Another critical drawback was the limited information about the soil conditions for the load tests in the database. Ideally the percentage capacity in sand should be captured from the soil properties. However, not all tests had sufficient data to calculate the actual capacity of the piles, in fact, some load tests had no very limited to no information regarding the soil properties for the load tests. Therefore, we opted for using the weighted average of the soil layer heights, and dividing the soils into sand and clay only.

4.11. Discussion and Conclusions

The performance of 14 ultimate capacity interpretation criteria, in common use, was evaluated using a database of 74 load settlement tests conducted on LDOEPs. The piles ranged in diameter from 30 to 118 inches. None of the criteria exhibit a strong correlation with diameter, pile length, or soil type. However, only six of 14 methods could be applied to over 50% of the tests. As a practical matter, these are the only methods that can be specified with confidence. The six methods are (1) Standard Davisson, (2) Modified Davisson, (3) 5% Diameter, (4) New York City Building Code, (5) Maximum Curvature, and (6) Debeer. The conclusions drawn for these six are presented below:

  1. Standard Davisson deserves its long standing popularity. It exhibited a small length effect and no correlation with diameter. The method performs with less scatter in clays in comparison to sands.

  2. Modified Davisson appears to be resulting in an ultimate capacity that is above the average of all criteria, in comparison to other criteria. The distance from the average increases with pile diameter, but does not appear to be influenced by pile length. The scatter in \(Q_m/Q_{avg}\) increases with the increase of percentage of capacity from sands in the profile.

  3. 5% Diameter appears inferior to both standards and modified Davisson criteria. The method produces interpreted capacities that is above the average of all criteria with diameter, lower than the average of all criteria with pile length, and exhibits significant scatter.

  4. New York City Building Code performs somewhat similar to the two Davisson methods. It has a lower standard deviation than either method, suggesting that it is more precise.

  5. Maximum Curvature is applicable to many cases. However, it suffers from several defects. First, the identification of the point of maximum curvature is typically subjective because (1) load test data is rarely recorded at equally spaced intervals, and (2) the recorded measurements are typically noisy. These defects make the approach unsuitable for specifications.

  6. Debeer is applicable to many cases. However, it suffers from the same defects like the Maximum Curvature method, and is therefore somewhat subjective. So it is not suited for routine work or specifications.

In summary, none of the criteria excelled in consistently identifying the ultimate load, in comparison to the rest. Is it perhaps time for a new criterion? At this time, the authors believe that the traditional Standard Davisson offset limit followed by the New York City building code (NYCBC) are the best available methods for LDOEPs. Although neither criterion was developed for large diameter piles, these two methods have the highest accuracy (\(Q_m/Q_{avg}\) = 1.014 and 1.022, for Davisson and NYCBC, respectively).

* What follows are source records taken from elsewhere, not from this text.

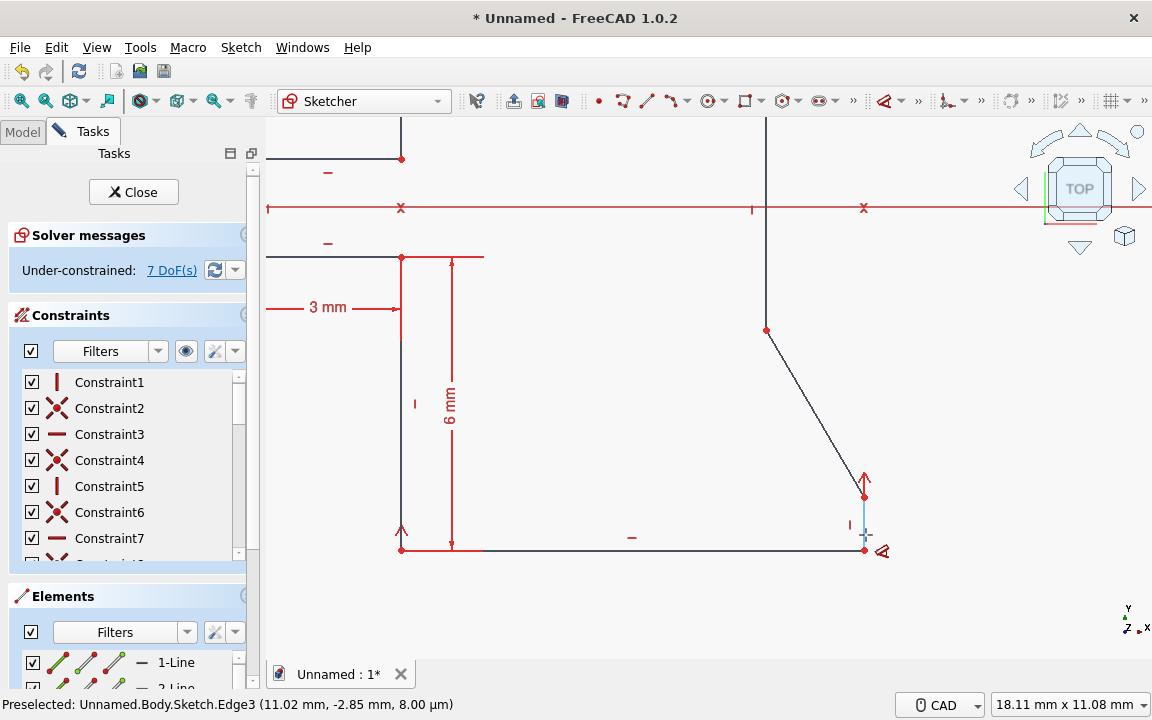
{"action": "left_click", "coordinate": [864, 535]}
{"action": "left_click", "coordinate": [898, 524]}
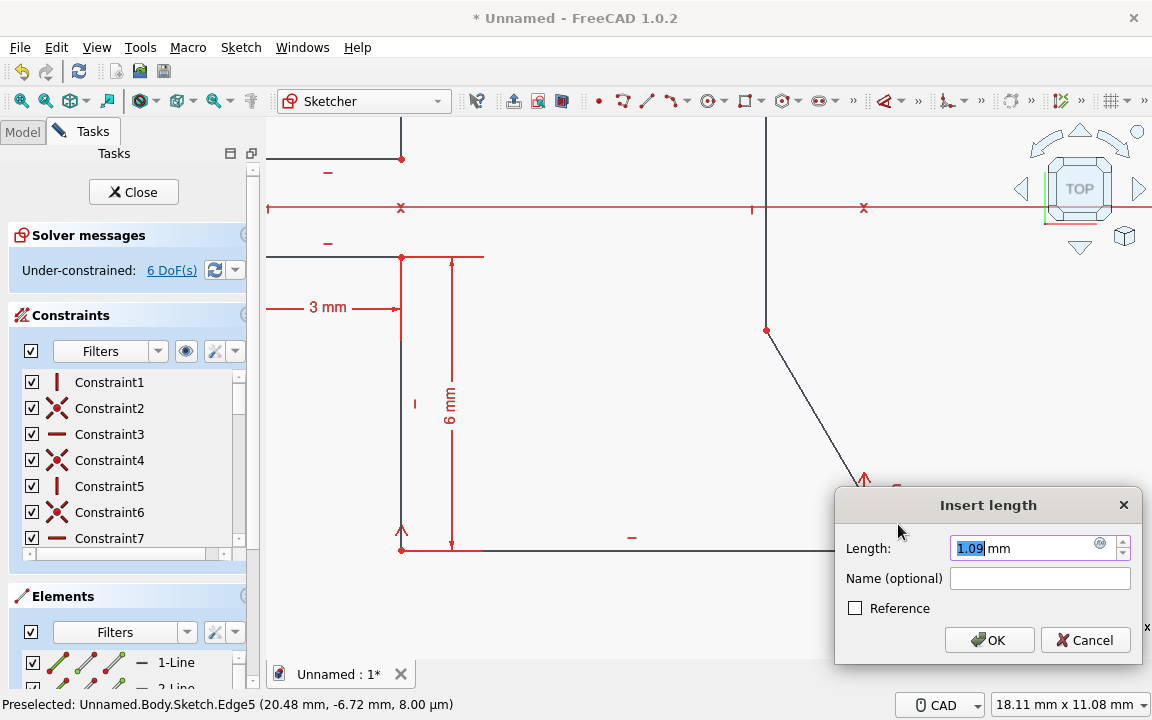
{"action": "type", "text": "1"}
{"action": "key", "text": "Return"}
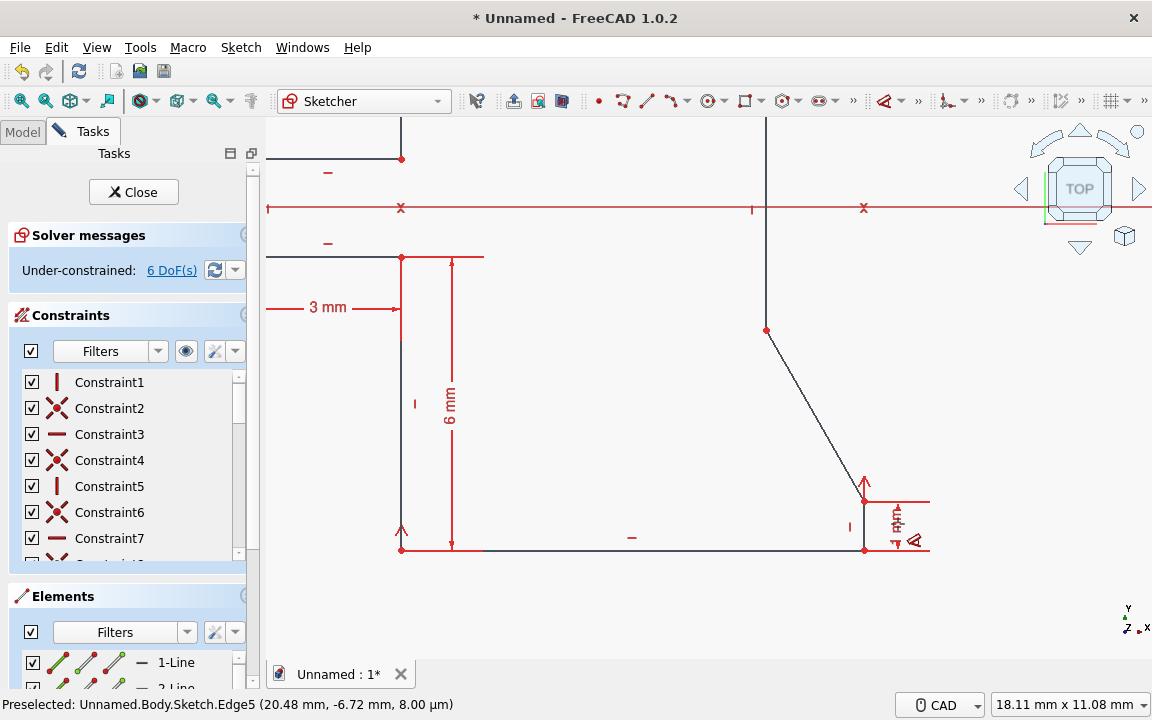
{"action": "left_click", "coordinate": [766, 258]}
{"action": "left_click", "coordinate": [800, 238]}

They also exhibit the lowest, and third lowest standard deviations among the six criteria applicable to the majority of load tests of 0.074 and 0.067 for Davisson, and NYCBC, respectively, thus suggesting that they are also more precise. In comparison, the modified Davisson which was intended for large diameter piles has \(Q_m/Q_{avg}\) = 1.062, with a standard deviation of 0.073. So its continued specification for LDOEPs, while not unreasonable, requires further research especially that it requires a larger settlement to develop the capacity that may not be optimal from a serviceability standpoint.